Eutanásia?

Fui testemunha do sofrimento sem esperança de familiares e amigos, que tinham perfeita consciência da inutilidade da luta e do sacrifício 

A prendi na catequese que a vida é sagrada, não sendo lícito a ninguém dispor dela – nem da sua, nem da do seu semelhante. 

Com a formação das convicções pessoais, fui interiorizando que as pessoas não são descartáveis, mesmo quando já não são autónomas e precisam de acompanhamento permanente. 

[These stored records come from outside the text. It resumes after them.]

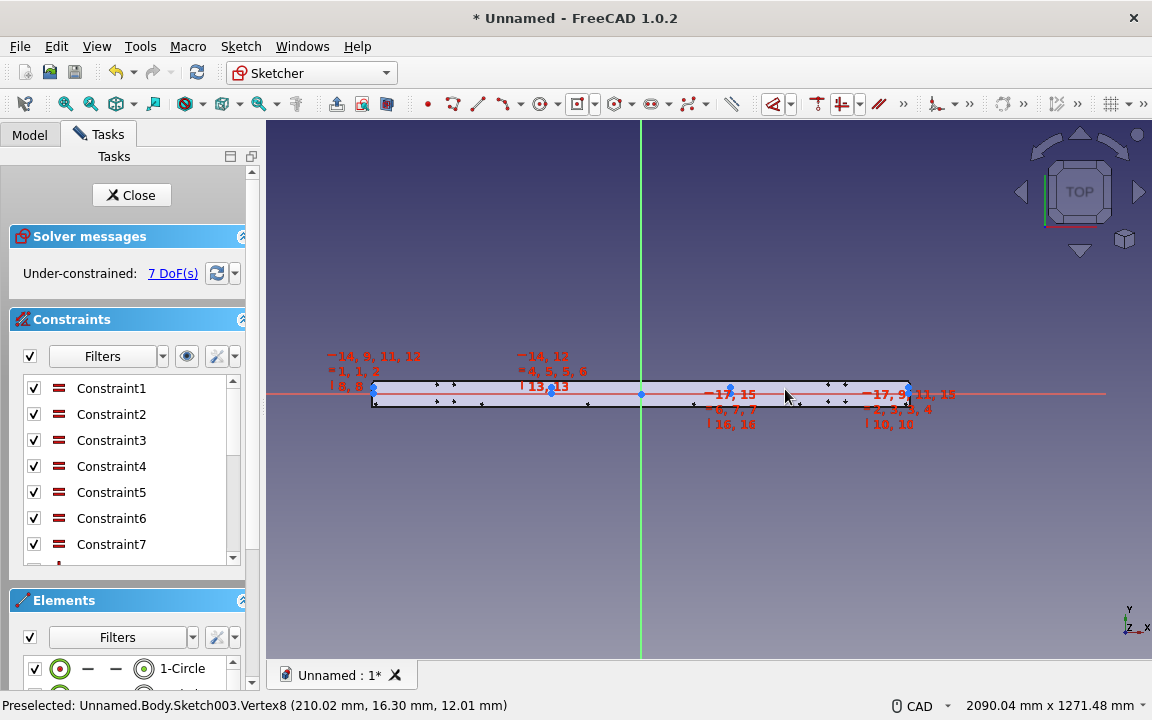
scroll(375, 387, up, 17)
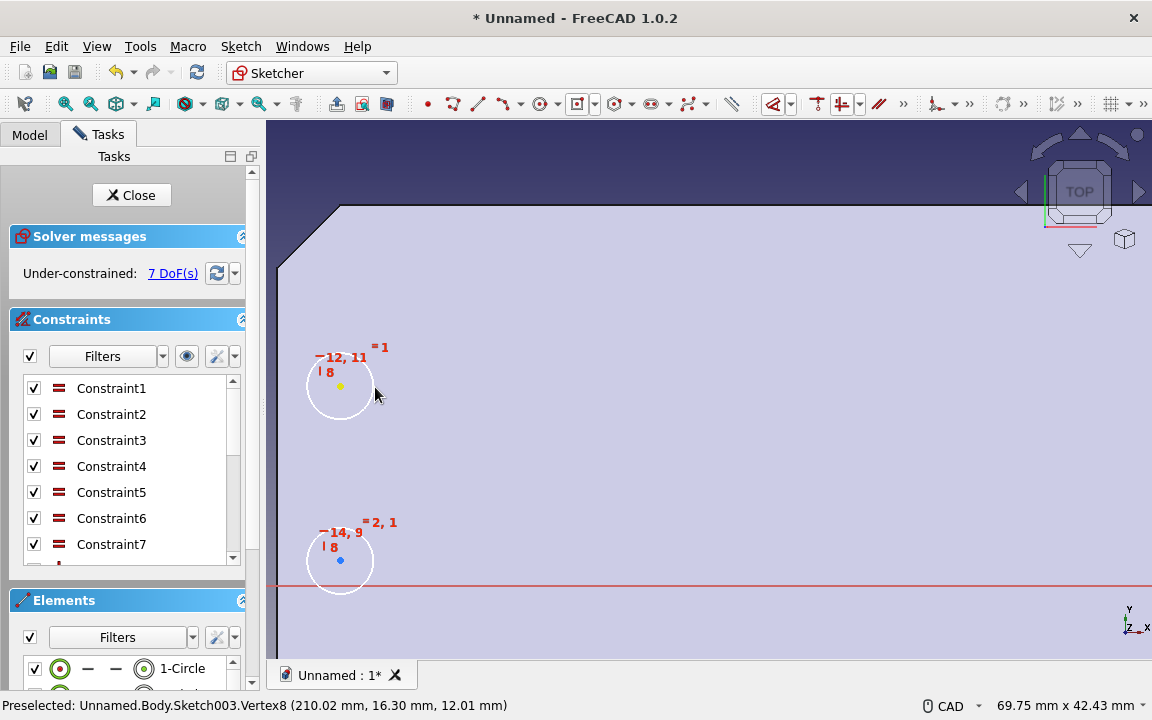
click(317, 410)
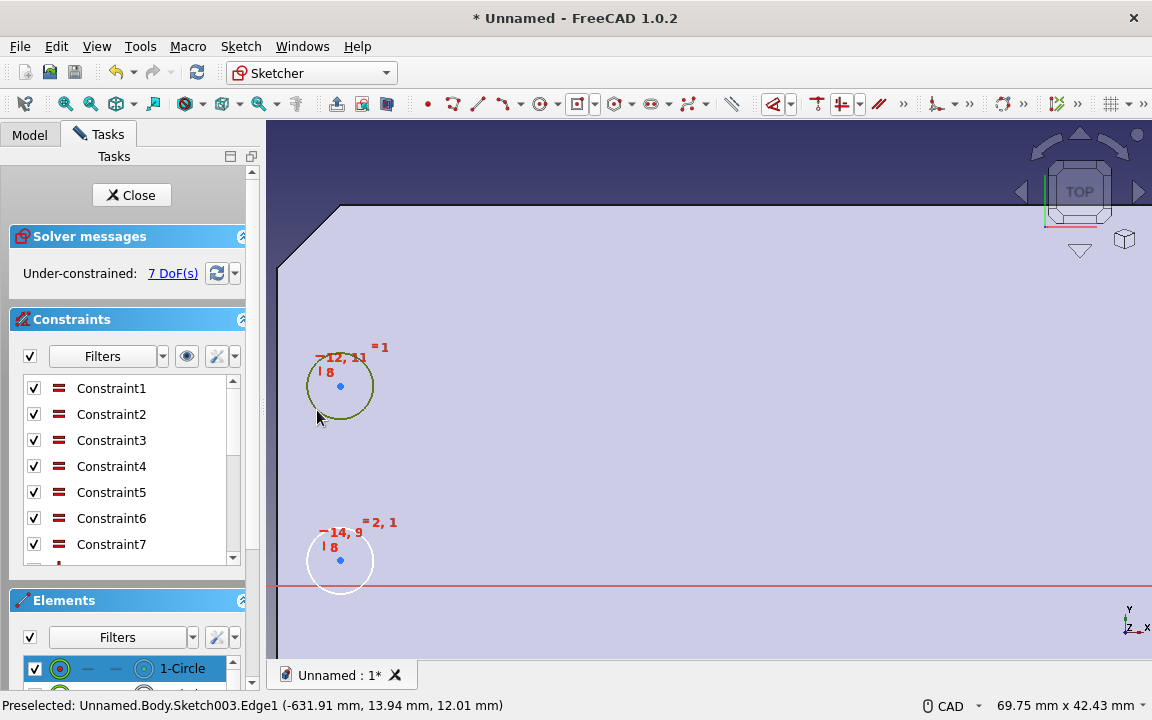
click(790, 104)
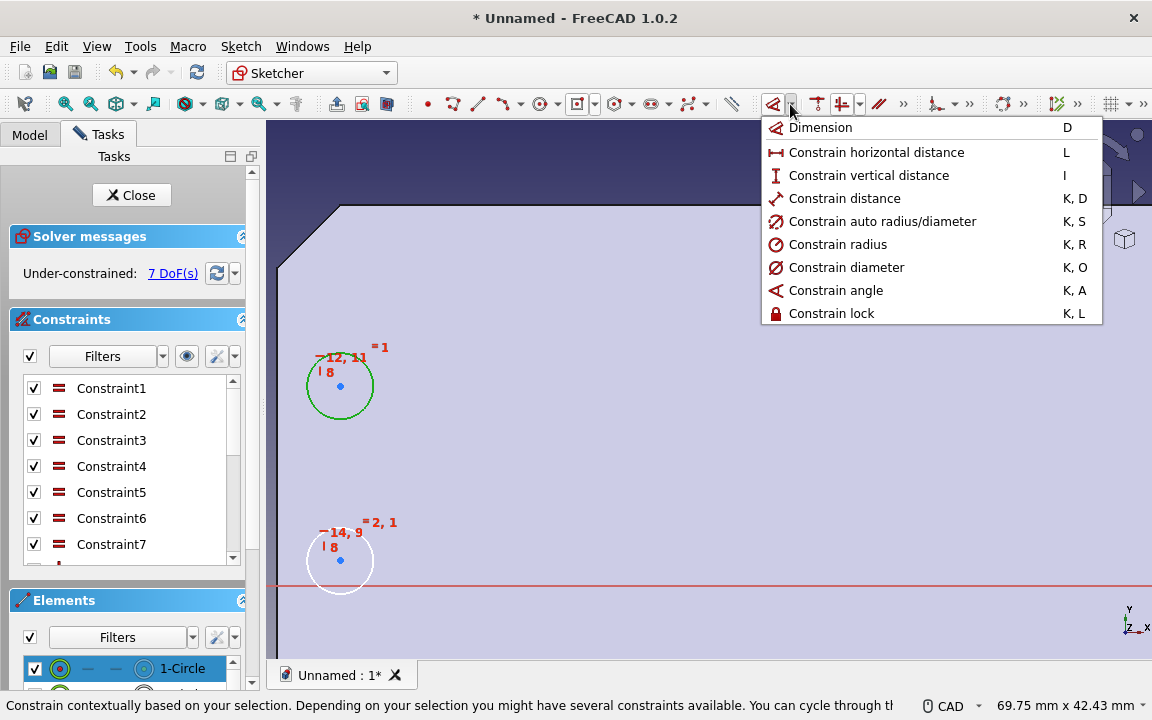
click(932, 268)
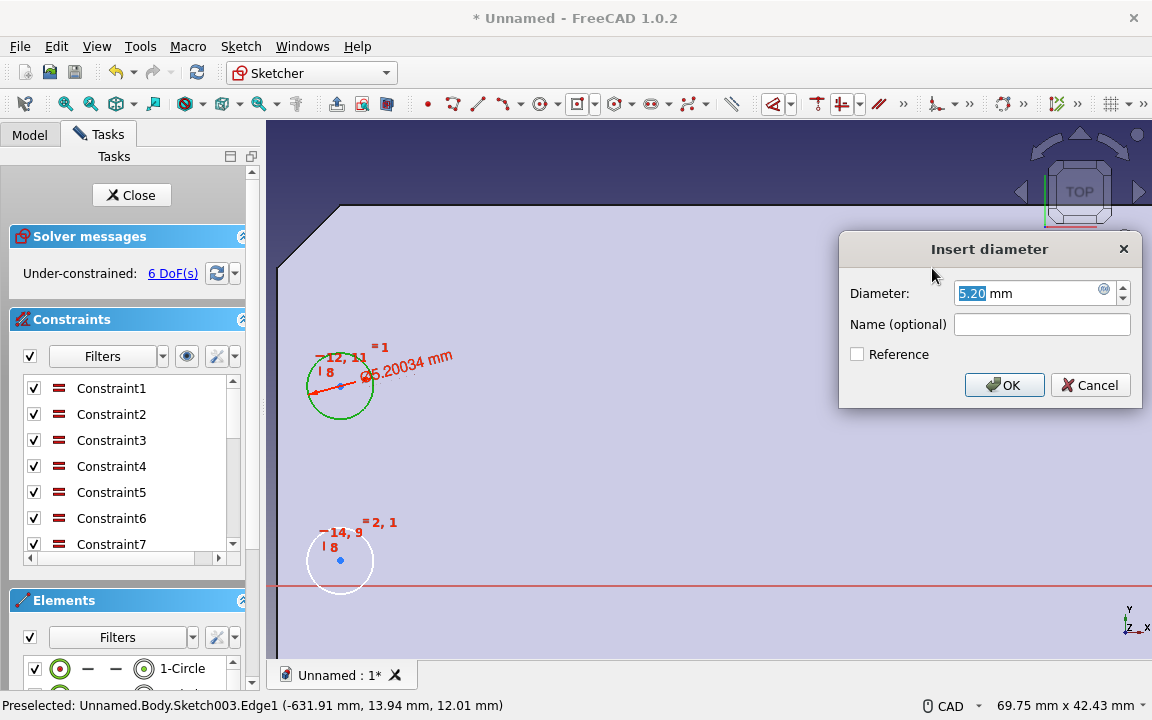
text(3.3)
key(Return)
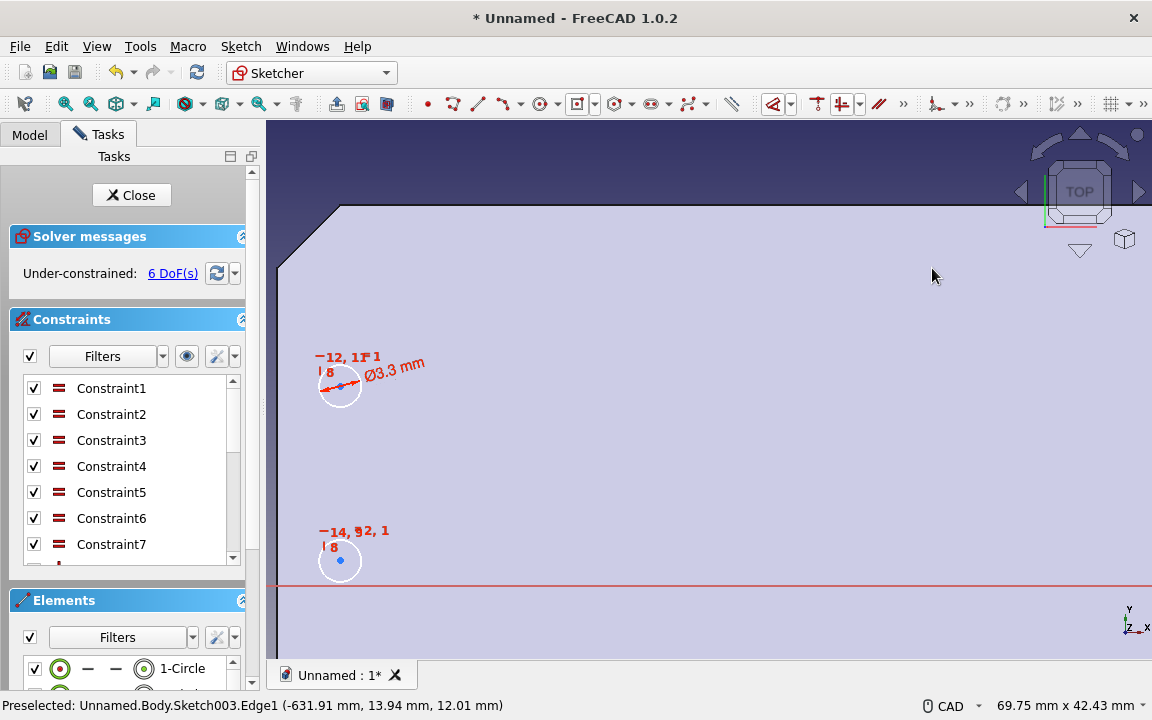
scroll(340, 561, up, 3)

Até aqui tudo bem. O valor que dou à vida é tal que tenho bem presente a intensidade com que roguei a Deus que salvasse a minha mãe, que perdi aos 18 anos, e de, aos 41, ter voltado a apelar à intervenção divina para superar uma doença estranha, que teimou em não se deixar decifrar por dez longos meses. 

São vivências que me levariam a defender o primado da vida, quaisquer que fossem as circunstâncias. Infelizmente, a realidade é bem mais complexa.

Não raramente, fui testemunha do sofrimento sem esperança de familiares e amigos, que tinham perfeita consciência da inutilidade da luta e do sacrifício que era continuarem a viver. A muitos, vi implorar que os libertassem da dor e os ajudassem a manter uns restos de dignidade, cada dia mais escassos. Como os compreendi… Em meses, ou anos, partilhei as suas angústias, conscientes de que só poderiam esperar mais sofrimento e humilhação. Aí, fui forçado a render-me: a regra da catequese talvez tivesse exceções.

Lembrei-me então de que, na mesma igreja, me foi ensinado que Deus é infinitamente bom e misericordioso, e que, na sua infinita bondade, não pode querer para os seus filhos um sofrimento sem esperança. 

Diz-me a razão, ou apenas a intuição, que o bom Deus do Novo Testamento reservará a punição pelos pecados terrenos para depois do Juízo Final; e aceitará que é uma bênção – também divina, porque Ele próprio a impulsionou -, o facto de os avanços da civilização e da ciência já permitirem aliviar o sofrimento, com cuidados paliativos que mitigam a dor e possibilitam a preservação da vida. Dou graças a Deus por viver numa época em que posso beneficiar deste enorme progresso. Mas será este o caminho que tudo resolve? 

Em idade em que já não tem sentido aspirar a que as descobertas da medicina apressem a solução para males sem cura, porquê a opção única? Por que não a alternativa de pôr fim à dor, em vez de apenas a minorar? Por que não a possibilidade de recurso a um serviço, devidamente credenciado, que faça, com dignidade e respeito pela pessoa, o que ela já não pode fazer por si? 

A vontade e o comprovado estado de lucidez do próprio, e a ausência de objeções de consciência por parte de quem aceite atender ao pedido, não serão condições suficientes? A fé na bondade divida diz-me que os caminhos do Céu não serão cortados, nem aos que peçam, nem aos que atendam os pedidos. 

Amo a vida, e bem desejaria viver outro tanto, mas estou pronto a fazer tudo o que esteja ao meu alcance para ajudar à aprovação de leis que permitam a escolha. Com a discussão séria do assunto, com as melhorias que médicos, filósofos, teólogos e comités de ética possam acrescentar às propostas dos partidos, mas que aprovem o que entendo ser um avanço civilizacional. Será uma opção, nunca uma imposição.